28 октября Букряба был встречен на границе посланным из Смоленска приставом Афанасием Битяговским. 2 ноября смоленский воевода сообщал в Москву, что встреча на границе прошла успешно, пристав же отправил к ним грамоту, которую они пересылают государю. Сведения, которые сообщал Битяговский, весьма любопытны. На основании их A. Н. Янушкевич сделал вывод, что миссия Букрябы носила совершенно секретный характер и предпринята была втайне и от панов рады, и в особенности от поляков, рассчитывавших в обмен на военную помощь против русских получить от литовцев согласие на доступ к властным постам и к землям в Великом княжестве896
.Так что же сообщал Битяговский? Он писал в своей грамоте, что, действительно, Букряба отпущен в Москву по королевскому слову и решению М. Радзивилла Рыжего и Григория и Яна Ходкевичей, а также подканцлера О. Воловича, «лятцкие паны и все Ляхове того не ведают и литовские люди, опрично Филона, старосты оршанского, на чем послан посланник пошел»897
. Далее Битяговский сообщал сведения, которые могли в полной мере быть названы совершенно секретными. По его словам, при короле, находившемся в Варшаве, «людей воинских нет, а гетман Виленский в Менску с своим двором, а было при нем пенежных люден тысечи з две, и он отпустил их ко князю Роману (что, кстати, подтверждается перепиской гетмана с Сангушко. –На основании этой новости А.Н. Янушкевич сделал вывод, что, сообщая в частном разговоре эти сведения, Букряба тем самым выполнял устный наказ своего государя, который тем самым демонстрировал свои мирные намерения, отмечая при этом, что сообщенные гонцом сведения мало чем отличались от действительности899
. Правда, несколько дальше историк дает подробную раскладку по количеству наемных литовских рот, конных и пеших, на осень 1568 г.
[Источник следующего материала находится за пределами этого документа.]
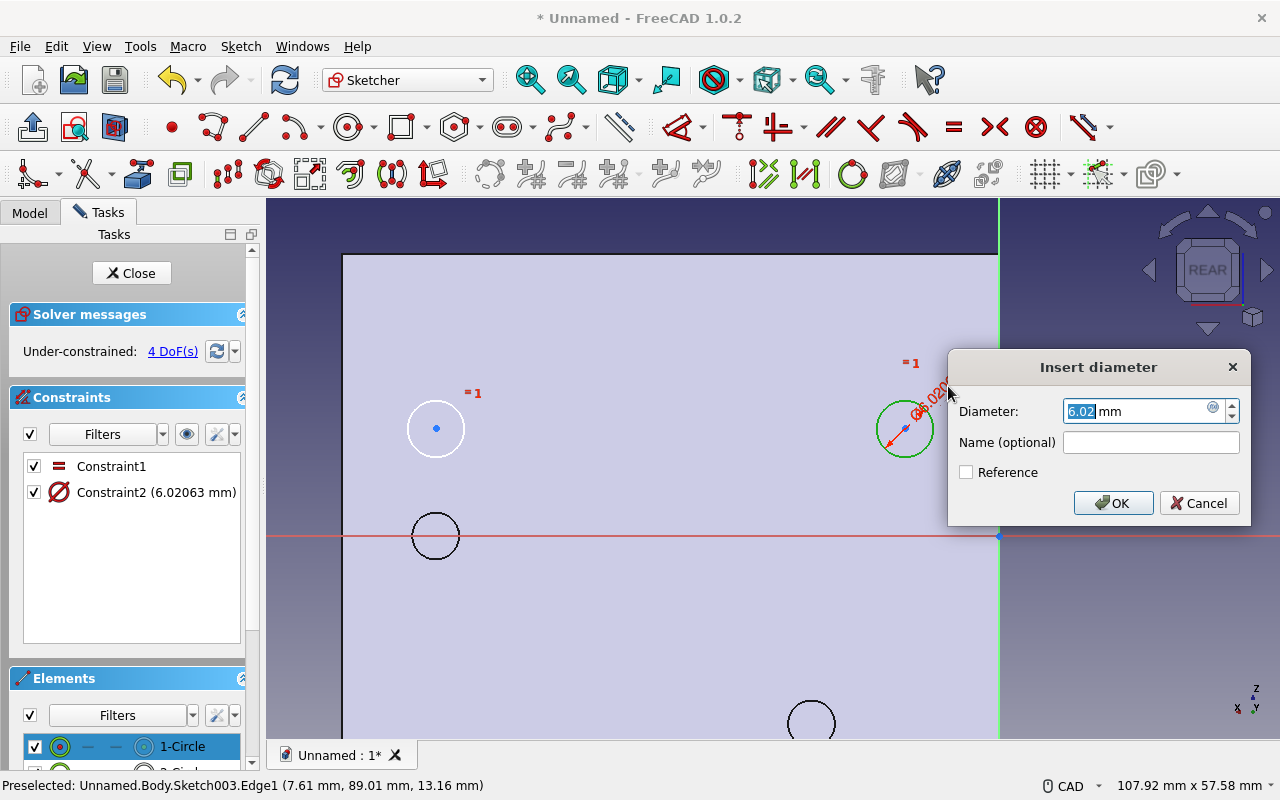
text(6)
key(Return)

Из нее следует, что в 12 конных ротах было по списку около 2800 «коней», а в 24 драбских, стоявших гарнизонами в отдельных городах и замках по русско-литовской границе, – примерно 3150, причем список последних был неполным900. И это без учета панских почтов, казаков и поляков! Так что остается вопрос: кто лукавит в данном случае, Букряба ли, выполняя волю своего господина, или же историк, выдавая желаемое за действительное? Во всяком случае, можно с уверенностью предположить, что в Москве особо не прельщались словами гонца – если на тактическом уровне русская разведка и допускала обидные проколы, то разведка «агентурная» сообщала приграничным воеводам, а значит, и «ставке» более или менее подробные и точные сведения о численности и расквартировании литовских войск.Еще один момент из истории со встречей Букрябы взывает интерес. Посланный навстречу гонцу подьячий О. Григорьев должен был «выпросити» у литвина, «от короля ли идет ко царю и великому князю, или от королевы рады ко царья и великого князя бояром», и если от рады, то «его вопросити, от литовские ли рады или от полские, и от которых панов именем и х кому именем ко царя и великого князя бояром»901
. Вопросы эти заданы были неспроста – ответ на них позволял определить, какой характер носит миссия Букрябы, насколько она серьезна. Кроме того, А.Н. Янушкевич писал о том, что во второй половине 1560-х гг. в литовском руководстве сформировалась группировка, которую, по его словам, можно было назвать «партией войны», В нее входили люди, непосредственно участвовавшие в боевых действиях и руководившие войсками на «фронтире». К числу этих «полевых командиров», заинтересованных в продолжении войны, он относил обоих Ходкевичей, Григория и Яна, Романа Сангушко, а также ротмистров-warlord’oB Ю. Тышкевича, Ю. Зеновича, Ф. Кмиту и некоторых других902.Война, в особенности успешная, для литовской «партии войны» означала не только и не столько возможность прославиться и получить богатую добычу. Нет, представляется более важным другое. Война и победы на фронте позволяли членам этой группы, связанной прочными родственными и служебными отношениями, укрепить свои политические позиции в литовской элите и обеспечить более сильные позиции в том же споре вокруг условий объединения Литвы и Польши. Отсюда и стремление того же Г. Ходкевича оказать давление на Сигизмунда II с тем, чтобы вынудить его обратить пристальное внимание на ход боевых действий и принять в них участие.